Aside from demographic explosions and geopolitical anxiety, another thing that made this system possible was shared governance. No, really. When a few American college presidents caught the German research university bug and the professoriate professionalized along with the other nascent professions, the deal was that the disciplines would determine for each what counted as scholarship and who counted as a scholar and how best the material should be taught. And together, the faculty across these disciplines would be in charge of who got hired and promoted and what got taught on their campuses. They would share in the governance of their campus. This is where the freedom students and scholars have to learn and research and teach, academic freedom, comes from. Just as there had always been, university administrations would be in charge of the money, prostrate themselves at the stone steps to the state house, man their boards with the rich, but the idea was that those parties could not have influence beyond the board room. Of course, that ideal was tested and often forgotten in times of high national stress; as soon as the AAUP was founded to protect the line between the classroom and lab on one hand and the board and the state on the other, it found itself bowing under the pressure of Great War jingoism. Likewise during McCarthyism. But the ideal of that line, on the whole, even during the late 20th/early 21st century battles of the Culture Wars, survived.

Thank god that’s over.

And we have the super-rich to thank for it, the multibillionaires, rich people the likes of which we’ve never seen (to borrow a phrase from Trump that is creeping into the vocabulary of regular people in a way that gives me nausea the likes of which I have never felt except maybe before I learned I have a cod allergy). They are able to wield influence on universities in a way their forebears could not do from the golf course or the boardroom, and they have brought that influence to bear in a way that obliterates that line between campus and outside influence.

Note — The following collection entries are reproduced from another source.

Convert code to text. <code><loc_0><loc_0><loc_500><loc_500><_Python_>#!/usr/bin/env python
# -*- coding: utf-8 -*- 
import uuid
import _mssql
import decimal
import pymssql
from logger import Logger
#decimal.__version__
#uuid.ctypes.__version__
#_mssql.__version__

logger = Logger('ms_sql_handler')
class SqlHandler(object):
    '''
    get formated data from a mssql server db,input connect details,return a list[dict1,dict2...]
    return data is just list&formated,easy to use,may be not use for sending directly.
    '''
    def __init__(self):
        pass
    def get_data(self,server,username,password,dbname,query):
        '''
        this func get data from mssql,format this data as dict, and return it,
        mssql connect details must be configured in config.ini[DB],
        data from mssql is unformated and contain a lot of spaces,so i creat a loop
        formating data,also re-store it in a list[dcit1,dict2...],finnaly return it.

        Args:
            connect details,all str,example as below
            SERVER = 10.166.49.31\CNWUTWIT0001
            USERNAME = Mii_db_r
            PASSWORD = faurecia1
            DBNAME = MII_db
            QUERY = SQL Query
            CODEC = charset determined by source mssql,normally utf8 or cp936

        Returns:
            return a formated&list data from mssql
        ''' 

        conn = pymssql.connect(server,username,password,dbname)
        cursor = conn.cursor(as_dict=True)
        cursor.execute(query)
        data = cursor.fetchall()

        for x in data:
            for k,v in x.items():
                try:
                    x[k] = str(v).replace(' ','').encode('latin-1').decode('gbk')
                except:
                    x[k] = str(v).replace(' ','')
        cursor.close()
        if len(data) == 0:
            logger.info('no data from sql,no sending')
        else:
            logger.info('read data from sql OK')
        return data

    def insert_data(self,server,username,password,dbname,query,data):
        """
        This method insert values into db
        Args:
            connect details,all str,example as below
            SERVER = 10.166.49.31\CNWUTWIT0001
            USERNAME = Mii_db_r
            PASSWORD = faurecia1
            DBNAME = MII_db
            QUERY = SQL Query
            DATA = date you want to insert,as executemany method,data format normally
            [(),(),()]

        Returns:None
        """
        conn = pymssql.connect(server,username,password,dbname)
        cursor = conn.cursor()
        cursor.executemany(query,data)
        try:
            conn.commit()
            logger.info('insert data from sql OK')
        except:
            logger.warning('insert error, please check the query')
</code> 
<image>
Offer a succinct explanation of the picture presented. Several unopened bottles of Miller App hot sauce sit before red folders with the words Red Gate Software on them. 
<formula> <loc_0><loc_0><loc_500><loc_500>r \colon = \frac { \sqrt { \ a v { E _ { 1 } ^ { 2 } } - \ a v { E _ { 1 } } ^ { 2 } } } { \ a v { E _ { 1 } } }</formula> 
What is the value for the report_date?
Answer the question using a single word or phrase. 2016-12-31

As CEO investor multibillionaire Marc Rowan, who drove Penn’s president from office, is quoted as saying in today’s New York Times, the problem is shared governance:

Universities can’t fix themselves, Rowan says, because they’re burdened with ancient and outmoded structures of authority–universities come from medieval guilds, for god’s sake, guilds not even of faculty but of students, as Rowan surely does not know–structures that keep them from responding to the times the way he thinks they should. So he must bring his influence to bear to make sure they respond correctly.

What’s to blame for this increased influence? On the list, put the legislative and policy victories of the old kind of rich people, victories that made the new kind of super rich people possible; the Citizens United decision (for which I will never forgive the ACLU), for making those victories possible; the unprecedented occupation of seats in the Capitol by the wealthy; the occupation of the chair behind the Resolute Desk by a billionaire as crooked as they come. The list goes on.

The results? The resignations of university presidents under fire for not sufficiently condemning Gaza protests or not eradicating “DEI” from their campuses ruthlessly enough are the showiest results, but the much more widespread chilling effect is that felt at universities that aren’t Harvard or Penn or NYU, public universities where administrations are bending over backward to comply in advance of legal requirements and in obeisance to executive orders not worth the magic marker ink they’re signed with. The “Compact” the Trump administration tried to get the presidents of nine top universities to sign was a failure only in the absence of compliant signatories. The message was heard loud and clear. The administrations of public and private colleges and universities, leaders of a whole range of institutions, rushed to comply in advance, to anticipatorily obey, and to do so in ways that violated shared governance. Faculty have been fired. Centers doing diversity work have been shuttered. Websites have even been scrubbed of offending words.

None of this would be possible if these schools were following their own bylaws and the long-established principles of American higher education. So put these administrations on the list too. And put many of the faculty on the list too, for not standing up tall enough, not yelling loudly enough, not risking our necks to oppose these violations of faculty governance and basic decency. Not because we would have been defending ourselves. Because we would have been defending higher education.

Add to this the Trump administration’s attacks on foreign students, cheered on by the self-appointed billionaire champions of [checks notes] whiteness, patriarchy, and Benjamin Netanyahu, and even more significant, the administration’s illegal refusal to release research funds due to institutions, and you’ve got a recipe for great, maybe irreversible damage to American higher education. Who would want to come study here? Who will write the biting campus satire of the future, possible only because of the greatness of the idea and the institutions? You can’t be disappointed in something if it’s not worth believing in.

So we’ve sold our campuses to the highest bidders. We’re letting something of the greatest value be diminished, something all of us should be fighting harder for–not just faculty, not just alumni, not just anyone who lives in a college town or a state where the university system is one of the biggest employers or in a country where innovation comes from university labs and seminar rooms energized by students who came here to get an education. Once the billionaires have finally taken over our schools, and our country, maybe it will be a blessing that there will be nobody around with the time and resources to write the history of how we lost everything.